Del gigantesco arapaima al diminuto ajolote, todo sorprende en el Acuario de Zaragoza.
¿Qué tienen en común el Amazonas, el Nilo y el Ebro?
Nacido con motivo de la Expo Zaragoza 2008, dedicada al agua y al desarrollo sostenible, su recorrido reproduce cinco grandes ecosistemas fluviales —Amazonas, Nilo, Mekong, Murray-Darling y Ebro— y reúne especies procedentes de lugares muy diferentes del mundo.
A cientos de kilómetros del mar, el Acuario de Zaragoza recuerda que bajo las aguas de los grandes ríos existe todo un mundo por explorar.

Mobility City recorre la historia de la movilidad sin perder de vista el futuro.
¿Puede un museo del futuro hacernos viajar al pasado?
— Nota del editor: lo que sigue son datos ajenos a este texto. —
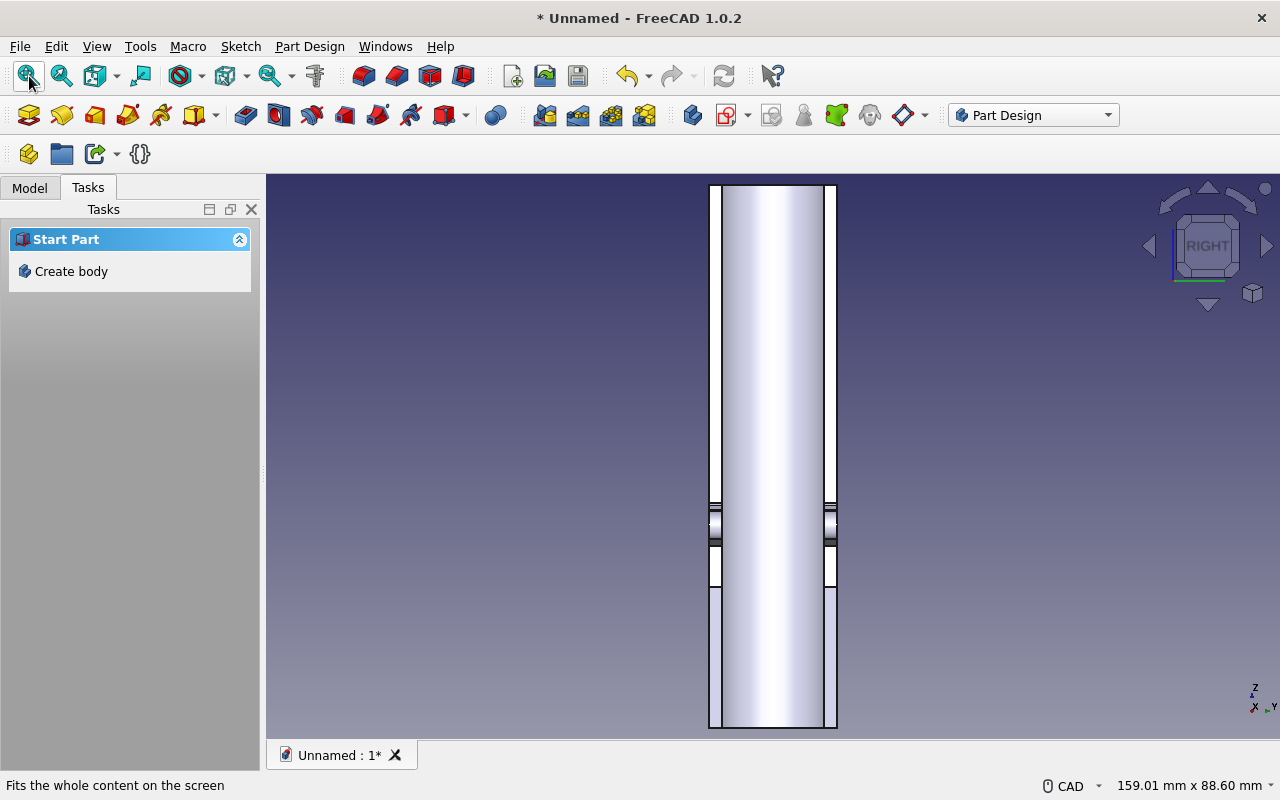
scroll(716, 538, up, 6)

Y ahí reside una de sus sorpresas. Quien llega esperando encontrarse únicamente con vehículos eléctricos, ciudades inteligentes y propuestas futuristas puede acabar frente a auténticas piezas de la historia del automóvil. Por sus exposiciones han pasado desde un DeLorean como el que hizo soñar con viajes en el tiempo en Regreso al futuro hasta el Mercedes-Benz 190 E 2.3-16 con el que Ayrton Senna, recién llegado a la Fórmula 1, ganó en 1984 la Carrera de Campeones de Nürburgring, imponiéndose a grandes figuras de la Fórmula 1 como Niki Lauda o Alain Prost. Las muestras van cambiando, pero la filosofía permanece: para imaginar cómo nos moveremos mañana también hay que conocer cómo llegamos hasta aquí.
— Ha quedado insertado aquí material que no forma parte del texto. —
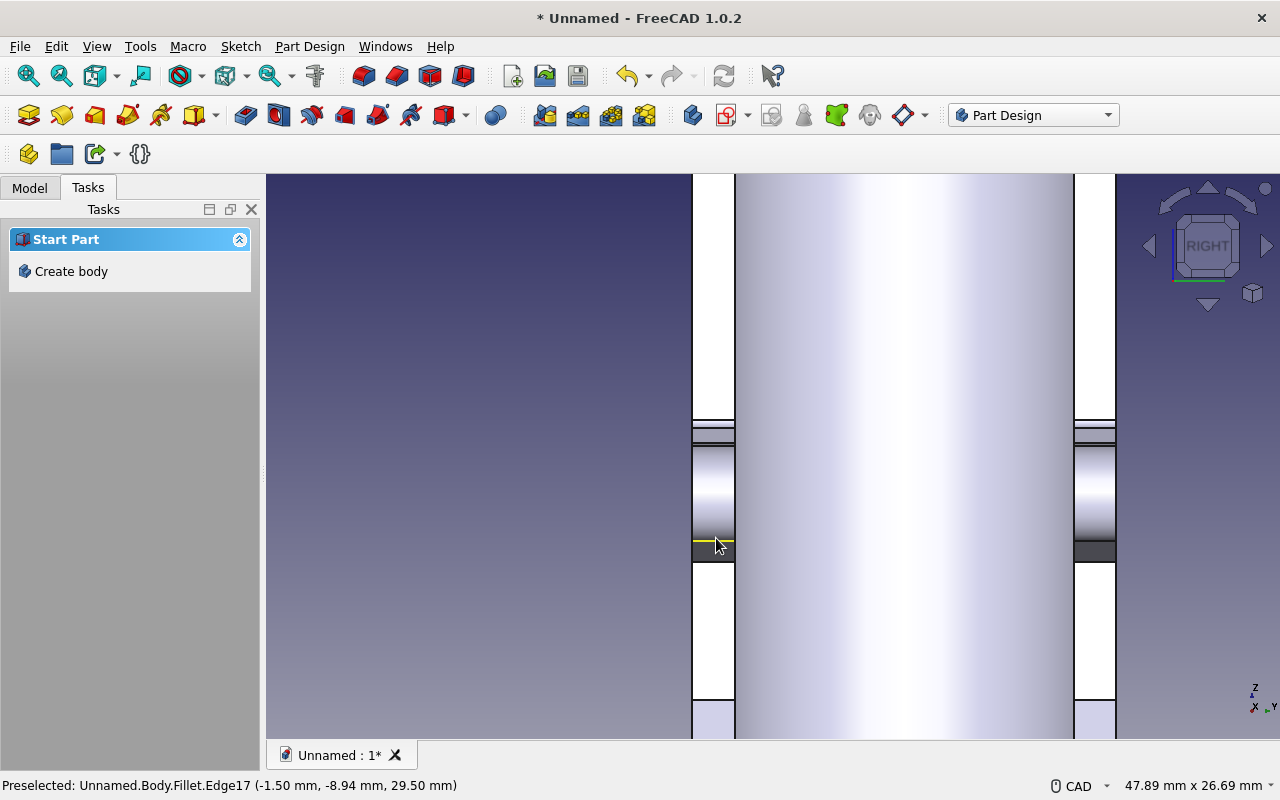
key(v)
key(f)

Aunque quizá el primer prodigio tecnológico sea el propio edificio. El Pabellón Puente mide 270 metros, pesa unas 7.000 toneladas y su peculiar envolvente está inspirada en las escamas de un tiburón. Su construcción esconde un dato difícil de imaginar: 140 metros de su estructura, con un peso aproximado de 2.200 toneladas, se levantaron en tierra firme, a unos 150 metros de la orilla, y posteriormente fueron trasladados hasta su posición definitiva sobre el Ebro.
Así, después de recorrer siglos de historia entre catedrales, palacios y monasterios, Zaragoza demuestra que no todos sus secretos pertenecen al pasado. Algunos se esconden también en uno de sus edificios más vanguardistas. Siete lugares, siete preguntas y unas cuantas respuestas inesperadas.
DÓNDE COMER EN ZARAGOZA:
- Palomeque. Fernando Mallenco y la familia Arlés llevan 26 años haciendo del buen producto y el servicio sus señas de identidad. Su premiado ternasco asado y sus famosas salmueras figuran entre los grandes reclamos de la casa.
- Bula Tapas. Tapeo informal, buen producto y una agradable terraza en pleno centro histórico.
- Sal Gorda y Sal Fina. Dos propuestas de David Gómez: cocina actual y carnes en Sal Gorda; brasas, pescados y mariscos en Sal Fina.
- Tragantúa. Un clásico junto a la plaza de Santa Marta, con una terraza apetecible y una carta en la que destacan pescados y mariscos, servidos con cariño.
- El Fuelle. Museo-restaurante donde las brasas y el ternasco son los protagonistas, con Santiago y Pilar al frente desde hace 42 años.
DÓNDE DORMIR EN EL CENTRO DE ZARAGOZA:
- Hotel Palafox 5*. Emblemático cinco estrellas con amplias instalaciones, gimnasio y piscina en la azotea.
- NH Collection Gran Hotel de Zaragoza 4*. Edificio señorial que combina la elegancia de los grandes hoteles clásicos con las comodidades actuales.
- Vincci Zaragoza Zentro 4*. Opción moderna, funcional y céntrica, con un marcado diseño contemporáneo.
OTRAS VISITAS PARA TODA LA FAMILIA:
- Bus Turístico. Forma cómoda de obtener una visión global de Zaragoza, desde el casco histórico hasta los espacios de la Expo 2008.
- Museo del Teatro de Caesaraugusta. Un paseo sobre los restos de uno de los grandes teatros de la Hispania romana para descubrir la Zaragoza de hace 2.000 años.